There are several limitations to our study. The retrospective nature of this study limited our ability to explore the number of control patients that would eventually convert to the meniscal or cruciate injury groups as well as those who might eventually convert to a patellar dislocation. The post hoc power of 79% for our primary comparison was close to our minimal goal of 80%, and it was decided rather than introduce problems with multiplicity and potential inclusion biases to not expand enrollment. In the present study, it is also worth noting that while all subjects in the control group had anatomically normal MRIs, many received scanning due to complaints of knee pain or knee discomfort, for which no anatomical explanation was ultimately found. Although a future study with asymptomatic and anatomically normal patients would bolster our current findings, the cost-prohibitive and prospective nature of the study was beyond our scope, as was delineating which specific types of meniscal tears occurred more commonly, due to our relatively small study population.

Another challenge of this study was found in choosing which MR slice best depicted the patellar tendon/tibial tubercle junction and the medial border of the PCL [21], with the latter landmark being by far the most challenging part of the study. While the interrater reliability was excellent between the two blinded rater measurements (0.985 and 0.945 for TT-TG and PT-PCL, respectively), lateralized or medialized insertion of the patellar tendon on the tibial tubercle, variable tibial tubercle morphology, inadequate distal imaging acquisition, intrasubstance signal within the PCL, and variability in observer choice of each landmark were all confounding factors in the reproducibility of the measurement.
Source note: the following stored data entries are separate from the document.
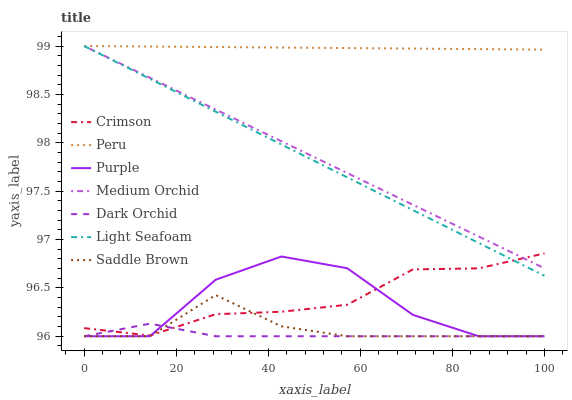Does Dark Orchid have the minimum area under the curve?
Answer yes or no. Yes. Does Peru have the maximum area under the curve?
Answer yes or no. Yes. Does Medium Orchid have the minimum area under the curve?
Answer yes or no. No. Does Medium Orchid have the maximum area under the curve?
Answer yes or no. No. Is Medium Orchid the smoothest?
Answer yes or no. Yes. Is Purple the roughest?
Answer yes or no. Yes. Is Dark Orchid the smoothest?
Answer yes or no. No. Is Dark Orchid the roughest?
Answer yes or no. No. Does Medium Orchid have the lowest value?
Answer yes or no. No. Does Dark Orchid have the highest value?
Answer yes or no. No. Is Dark Orchid less than Light Seafoam?
Answer yes or no. Yes. Is Medium Orchid greater than Saddle Brown?
Answer yes or no. Yes. Does Dark Orchid intersect Light Seafoam?
Answer yes or no. No. 
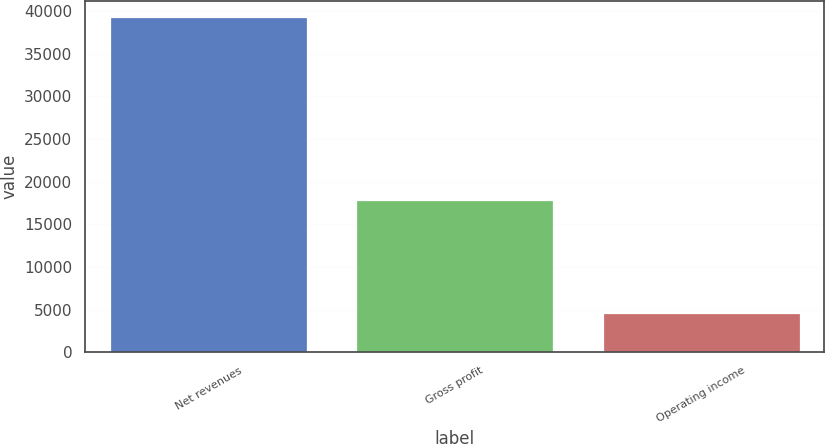<chart> <loc_0><loc_0><loc_500><loc_500><bar_chart><fcel>Net revenues<fcel>Gross profit<fcel>Operating income<nl><fcel>39267<fcel>17883<fcel>4541<nl></chart>

Gender imbalance within the IKD group (59 males vs 19 females) may also have affected our results. Given that females have an increased relative risk of ACL rupture in non-contact injuries, [22] likely due to an increased TT-TG distance as compared to their male counterparts, it is possible that our data underestimates the true IKD range. In the control group, this was not an issue as gender was equally balanced (34 males and 29 females). Finally, neither group was matched for BMI, tibial plateau width, or patient height. This data was not readily available, and thus, it was omitted. However, it would be important in future prospective studies to record this data to eliminate confounding factors.

Conclusion

In conclusion, this study adds to the literature regarding normative TT-TG values and additionally draws attention to a previously unreported association between increasing TT-TG and PT-PCL distances and internal knee derangements. While the TT-TG measurement has been scrutinized due to a dependence on knee positioning, the present study utilizes the PT-PCL measurement as a secondary measurement to the TT-TG, given its consistency irrespective of knee positioning. In the present study, the IKD group falls in a previously unidentified region between the anatomically normal control group cases and the previously reported range for patellar dislocation cases. Even after adjustment for gender, an additional 3.016 mm of TT-TG length and 2.600 mm of PT-PCL length was associated with IKD. Further, it was determined that TT-TG distances above 12 mm were strongly associated with the presence of IKD, with only four out of 39 cases (10.3%) having an internally intact knee. While the TT-TG is only one contributing factor, a distance greater than the 12 mm threshold appears to be statistically associated with internal knee injuries in this study group.